2006-09-17
How to convert a time string in GMT to seconds since the epoch
Recently, I've run into a situation where I have an ASCII string representing a time, expressed in UTC/GMT, and I want to convert it to the standard Unix representation of seconds since the epoch. It turns out that there are some interesting issues involved (well, in my opinion).
Doing this for a time string in local time is a snap: time.strptime()
will convert the ASCII time string to Python's version of C's struct
tm, and then time.mktime() will turn it into seconds.
However, time.mktime() specifically always uses local
time for the conversion; there is no option to have
it use GMT. To use GMT, you need to use calendar.timegm()
instead.
(To the documentation's credit, there is a mention of this at the bottom of the time module, although it is somewhat obscure and easy to miss. (I did the first time around.))
timegm() is somewhat out of place in the calendar module; its
documentation even says that it's an 'unrelated but handy function'.
So why isn't it in the time module instead, where it logically
belongs? It's probably because the CPython interpreter makes it hard
to have a module that integrates C and Python code.
The timegm() function is a simple bit of Python. However, the time
module is pretty much a thin wrapper around the C library's time
functions, and so is written in C. A version of timegm() redone in C
would be annoyingly more complex, and the existing Python version cannot
easily be shoved into a C module. You can shim Python functions into
existing modules, but the trick is getting it to happen automatically
when people do 'import time' (without going the route of the socket
module, where the real socket module is actually something called
_socket).
(While it would also be out of place in a wrapper module, this isn't something programmers using the module should really have to care about. What's implemented by the C library and what's implemented in C by the Python runtime is an implementation detail.)
2006-09-11
Python's extra-clever help() function
I recently used 'help()' on one of my own internal modules, mostly as
a quick way to browse the entire function/class collection in one go.
Now, I'm kind of a slacker when it comes to using docstrings (for some
reason I prefer comments before the function), so I didn't expect to
see very much in the help() output.
Much to my surprise I saw things like:
hostFromEnv(env) # Extract the host from the # REQUEST_URI, if it is present.
The amount of introspective magic required to do this turns out to be pretty impressive; for extra points, it's pretty much all done in Python.
The help() function is a shim created in site.py
as an instance of a class. The function wraps pydoc.help(),
which winds up calling on inspect.getcomments()
for the heavy lifting. This works by finding and scanning the source
file itself, starting from the co_filename and co_firstlineno
attributes that the bytecode compiler glues on things.
(I should probably get over my reluctance to use docstrings, especially if I'm putting the exact same information in the comments.

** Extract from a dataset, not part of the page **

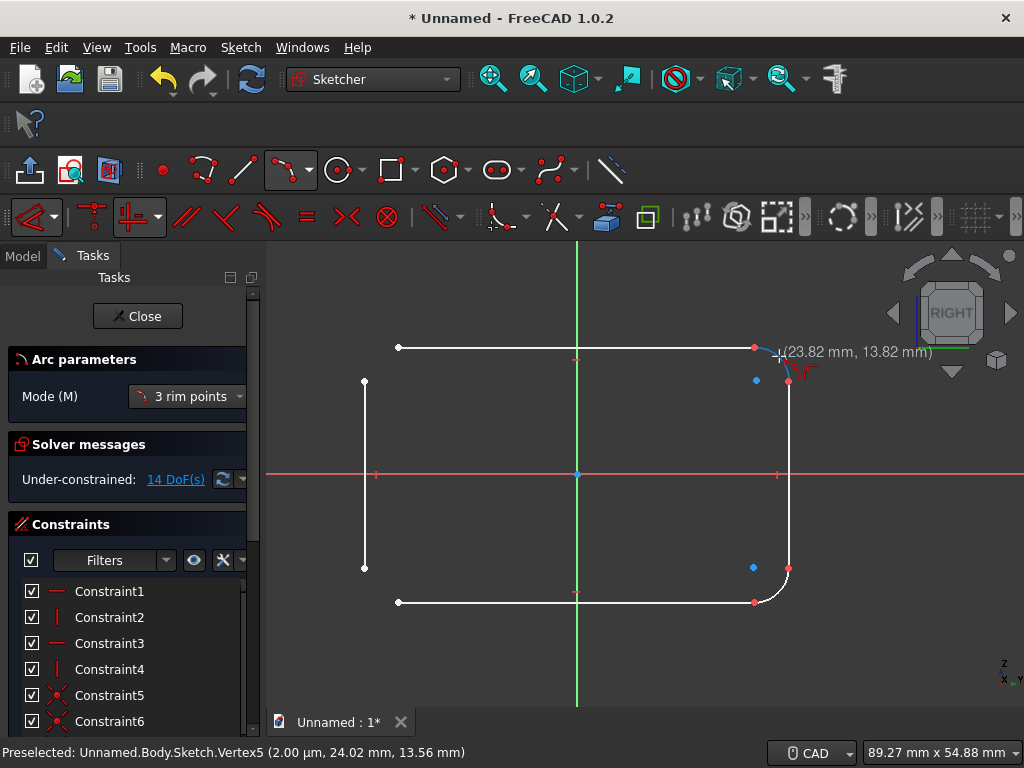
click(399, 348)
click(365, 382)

At the moment I like the visual look of comments better; docstrings make me feel that the documentation is quietly disappearing into the rest of the code.)
2006-09-07
Industrial strength Python
It's not uncommon to have people harsh on Python and similar languages as being 'scripting languages', not suitable for serious jobs because they're not fast enough or they use too much memory, or the like. I have to beg to differ, because I have a great counter-example.

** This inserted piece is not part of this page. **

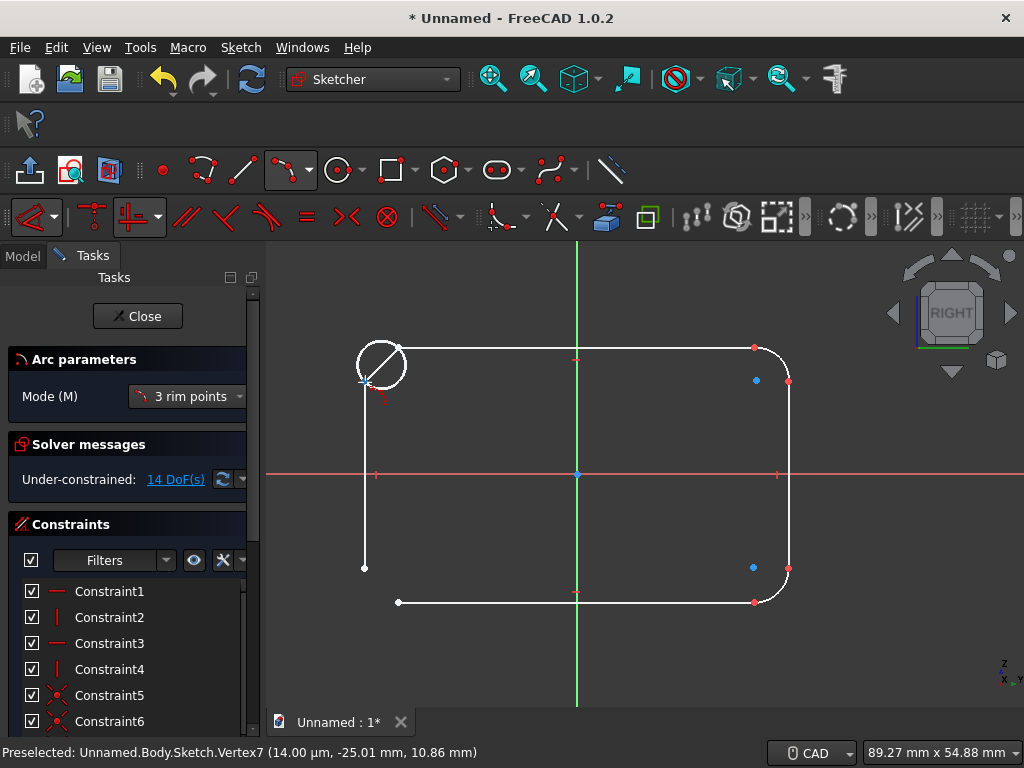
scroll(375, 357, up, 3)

We use a SMTP frontend daemon to check connections before we bother to start a real SMTP conversation. This program does our greylisting, our DNS blocklist checking, connection count limiting, and a number of other checks. And it's written in Python, for various reasons.
Last week it handled 1.4 million connections, with over 700,000 coming in one day. For those 24 hours, it was handling just over 8 connections a second. Yes, it used a bit of CPU time to do this (it seems to have averaged a bit under 0.06 CPU seconds per connection), but modern machines generally have a lot of CPU to spare.
Nor did it gobble memory to do this; at the end of the week, the process was using 20 megabytes of virtual memory, with an 11 megabyte resident set size. This is up from its starting size, which is around 8 megabytes with 5.5 megabytes of RSS, but the frontend is remembering the first and last connection times of most every IP address that ever talked to it; last week it was tracking almost 53,000 of them. A version of the frontend written in C (or maybe Java) would probably use less memory. But the Python version's memory usage is not over the top or excessive for a modern machine, and it's not leaking.
I won't claim that writing industrial strength Python like this is completely easy; you do have to pay attention to detail and watch out for various things, and I certainly got my hands dirty poking around down in the depths of Python's object management in the process of making sure that I was using as little memory as possible. But it's not hugely difficult, and a lot of it is common sense.
(And to a fair extent you're going to have to do this no matter what language you use; industrial strength programs require attention to details, period. Different languages just require you to pay attention to different bits.)